В суматохе, когда все поздравляли друг друга и Иви, и никто не смотрел под ноги, Саске заметил то, что другие проглядели. На полу, у самой кровати, валялся маленький, почти незаметный флакон. Он блеснул в луче солнца, упавшем из окна, и Томи, стоявший ближе всех, тоже увидел его. Мальчик нагнулся, чтобы поднять, но Саске опередил его. Рука Учихи мелькнула — быстрее, чем глаз мог уследить, — и флакон уже лежал на его ладони.
— Вы знаете, что это? — спросил Томи, заглядывая через плечо. - Саске поднёс флакон к носу, понюхал, нахмурился: — По запаху — тут что-то было. Лекарство? Яд? Не знаю. Но Наруко разберётся лучше, чем я. У неё нюх тоньше. - Он спрятал флакон в карман и подошёл к Наруко. Франц, всё ещё не веря своим глазам, спросил, глядя на неё: — Наруко, когда ты приехала? Почему нам никто не сказал? — Несколько часов назад, — ответила Наруко спокойно, без тени торжества. — Джейкоб вызвал меня. Он знал, что местные врачи не помогут, а я помогу. — А этот парень? — спросил Карл, кивнув на Саске, который стоял чуть поодаль, сложив руки на груди. — Что с тобой? — Это Саске, — ответила Наруко. — Мой брат. Он помогает мне. - Джейкоб, стоявший у окна, наконец заговорил. Голос его был спокоен, даже сух, как у человека, который делает доклад начальству: — Зная тебя, Франц, — сказал он, — ты уже понял, что ассасины просто так помощь не зовут. Я позвал Наруко не только ради Иви. Хотя и ради неё тоже. — Ты прав, — сказала Наруко. — Мы с Саске уже провели небольшую разведку. И узнали кое-что... весьма интригующее. - Она хотела продолжать, но Саске, подойдя вплотную, тихо, так, чтобы слышала только она, проговорил: — Здесь кто-то был.

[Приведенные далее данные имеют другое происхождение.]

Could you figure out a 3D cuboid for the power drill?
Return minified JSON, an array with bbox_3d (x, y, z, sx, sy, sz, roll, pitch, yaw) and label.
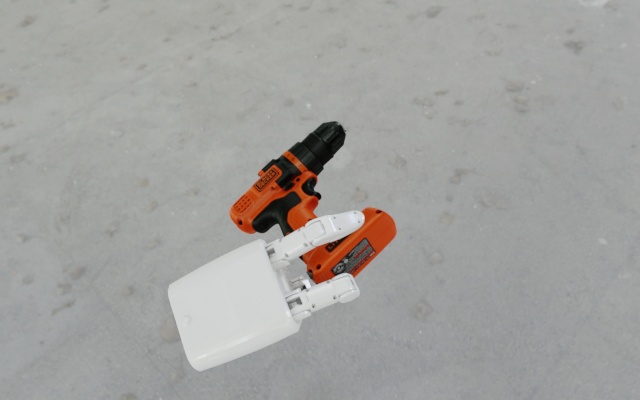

И он показал ей флакон — маленький, стеклянный, ещё влажный изнутри. Наруко взяла флакон, понюхала, закрыла глаза на мгновение, потом открыла и сказала, ни к кому не обращаясь, а скорее самой себе:
— Эликсир Фрица. Тот самый. Значит, он уже приходил. Успел. — Кто — «он»? — спросил Франц, начиная догадываться. — Тот, кто хотел тебя заменить, — ответила Наруко, и в голосе её прозвучала та холодная, спокойная уверенность, которая не оставляла сомнений. — Но об этом — позже. Сначала — бульон. Больная, хоть и выздоравливающая, должна есть.
Она повернулась и направилась к двери, и все расступились перед ней, как расступаются перед человеком, который знает, что делать, и не ждёт подсказок.